We tend to think the best leaders are the ones who can do everything. But in reality, every great leader eventually hits the same wall. Not the wall of a difficult problem, or a hostile crowd, or a shortage of resources. The wall of themselves. The moment they realize: I am the bottleneck. The moment Moshe admits he cannot carry his people alone is not his lowest point — it is his most important contribution.

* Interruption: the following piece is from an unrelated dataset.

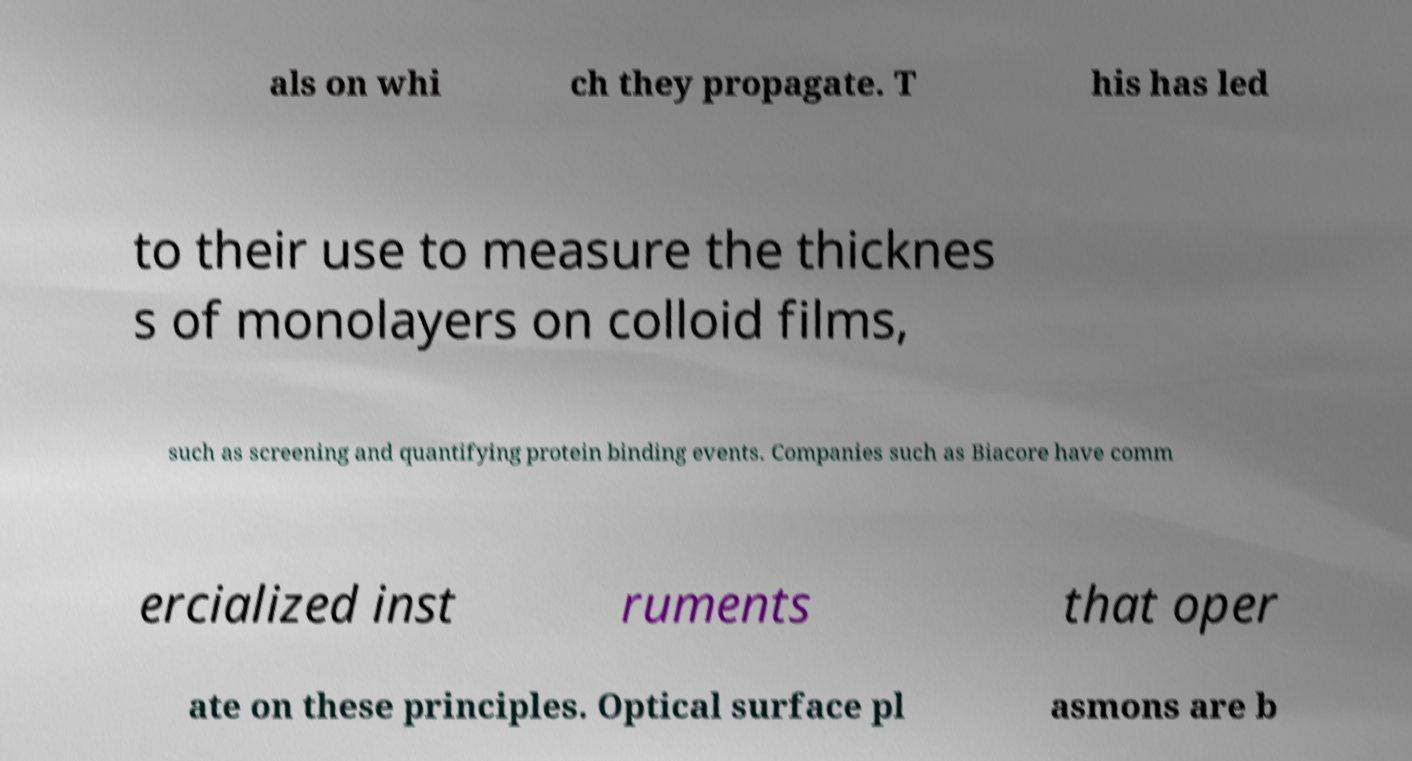For documentation purposes, I need the text within this image transcribed. Could you provide that? als on whi ch they propagate. T his has led to their use to measure the thicknes s of monolayers on colloid films, such as screening and quantifying protein binding events. Companies such as Biacore have comm ercialized inst ruments that oper ate on these principles. Optical surface pl asmons are b

In that moment, Moshe is breaking. The people are complaining, and the weight of carrying them has become unbearable:
לֹא־אוּכַל אָנֹכִי לְבַדִּי לָשֵׂאת אֶת־כׇּל־הָעָם הַזֶּה כִּי כָבֵד מִמֶּנִּי – “I cannot carry all this people by myself, for it is too much for me.” (11:14).
In reply, God responds:
וַיֹּאמֶר יְהֹוָה אֶל־מֹשֶׁה אֶסְפָה־לִּי שִׁבְעִים אִישׁ מִזִּקְנֵי יִשְׂרָאֵל אֲשֶׁר יָדַעְתָּ כִּי־הֵם זִקְנֵי הָעָם וְשֹׁטְרָיו וְלָקַחְתָּ אֹתָם אֶל־אֹהֶל מוֹעֵד וְהִתְיַצְּבוּ שָׁם עִמָּךְ – Then God said to Moses, “Gather for Me seventy of Israel’s elders of whom you have experience as elders and officers of the people, and bring them to the Tent of Meeting and let them take their place there with you.” (11:16).
Notice what God does not say. He does not say: I’ll make you stronger. He says: you need others.
The Midrash famously connects the word eikha — “how?” — across three devastating moments. Yeshaya cries eikha over a sinful nation. Yirmiyahu opens Lamentations with eikha yashva vadad — how does she sit alone? And Moshe himself uses the same word: how can I carry you alone?
The Alter of Novardok read the Lamentations eikha as the tragic endpoint of what happens when leaders never learn to share the burden. The nation that sits alone in ruins is foreshadowed by the refusal to let others in.
The paradox at the heart of great leadership was that Moshe’s inability was not the problem; it was the opening.
Because admitting he could not do it created a vacuum. And vacuums, in healthy communities, get filled. The seventy elders did not become true leaders and bearers of wisdom just because someone handed them a title. They became leaders because the burden was real, the need was genuine, and someone trusted them enough to step back.
A real helper has their own stature. They push back. They grow into the role. But you can only have that if you create the space for someone to stand opposite you. You cannot have a counterpart if you insist on being everything.
Which is why micromanaging is more than just an inefficiency.
When you refuse to step back, you are not just failing to delegate — you are denying someone else their calling. The seventy elders had something to give. Had Moshe clung to sole authority, they never would have given it. His making space for them was the prerequisite for their rise.
They flourish because you step back. Not despite it.
Moshe’s cry was critical. Not because it expressed weakness, but because he meant it. He was genuinely ready to hear the answer.
Ask the question. Mean it. Then make room for the answer to walk through the door.
Step back and let someone else become great. That is the greatness.